UCD Complex and Adaptive Systems Laboratory, University College Dublin, Dublin, Ireland.
BMC Bioinformatics. 2010 Jan 7;11:14. doi: 10.1186/1471-2105-11-14.
Large datasets of protein interactions provide a rich resource for the discovery of Short Linear Motifs (SLiMs) that recur in unrelated proteins. However, existing methods for estimating the probability of motif recurrence may be biased by the size and composition of the search dataset, such that p-value estimates from different datasets, or from motifs containing different numbers of non-wildcard positions, are not strictly comparable. Here, we develop more exact methods and explore the potential biases of computationally efficient approximations.
A widely used heuristic for the calculation of motif over-representation approximates motif probability by assuming that all proteins have the same length and composition. We introduce pv, which calculates the probability exactly. Secondly, the recently introduced SLiMFinder statistic Sig, accounts for multiple testing (across all possible motifs) in motif discovery. However, it approximates the probability of all other possible motifs, occurring with a score of p or less, as being equal to p. Here, we show that the exhaustive calculation of the probability of all possible motif occurrences that are as rare or rarer than the motif of interest, Sig', may be carried out efficiently by grouping motifs of a common probability (i.e. those which have permuted orders of the same residues). Sig'v, which corrects both approximations, is shown to be uniformly distributed in a random dataset when searching for non-ambiguous motifs, indicating that it is a robust significance measure.
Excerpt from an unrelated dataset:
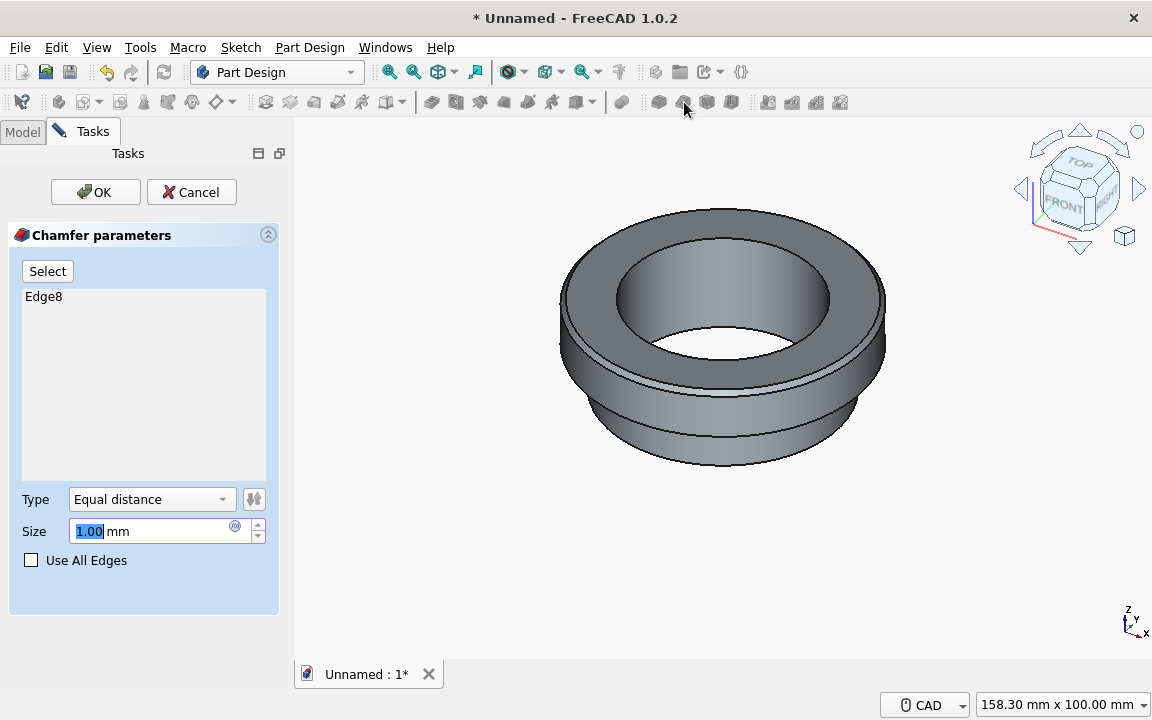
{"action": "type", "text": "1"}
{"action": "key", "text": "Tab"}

A method is presented to compute exactly the true probability of a non-ambiguous short protein sequence motif, and the utility of an approximate approach for novel motif discovery across a large number of datasets is demonstrated.
蛋白质相互作用的大型数据集为发现重复出现在不相关蛋白质中的短线性基序(SLiM)提供了丰富的资源。然而,用于估计基序重复概率的现有方法可能会受到搜索数据集的大小和组成的影响,因此来自不同数据集或包含不同数量非通配位置的基序的 p 值估计值并不完全可比。在这里,我们开发了更精确的方法,并探讨了计算效率高的近似方法的潜在偏差。
计算基序过度表示的一种广泛使用的启发式方法通过假设所有蛋白质具有相同的长度和组成来近似基序概率。我们引入 pv,它可以准确地计算概率。其次,最近引入的 SLiMFinder 统计量 Sig 在基序发现中考虑了多重检验(针对所有可能的基序)。然而,它将所有其他可能的基序(得分 p 或更低)的概率近似为 p。在这里,我们表明,可以通过对与感兴趣的基序一样罕见或更罕见的所有可能基序的出现概率进行穷举计算来有效地计算 Sig',即通过对具有相同残基排列的基序进行分组。Sig'v 纠正了这两个近似值,当在随机数据集中搜索非歧义基序时,它均匀分布,表明它是一种稳健的显著度量。
提出了一种方法来准确计算非歧义短蛋白质序列基序的真实概率,并展示了一种用于在大量数据集上进行新基序发现的近似方法的实用性。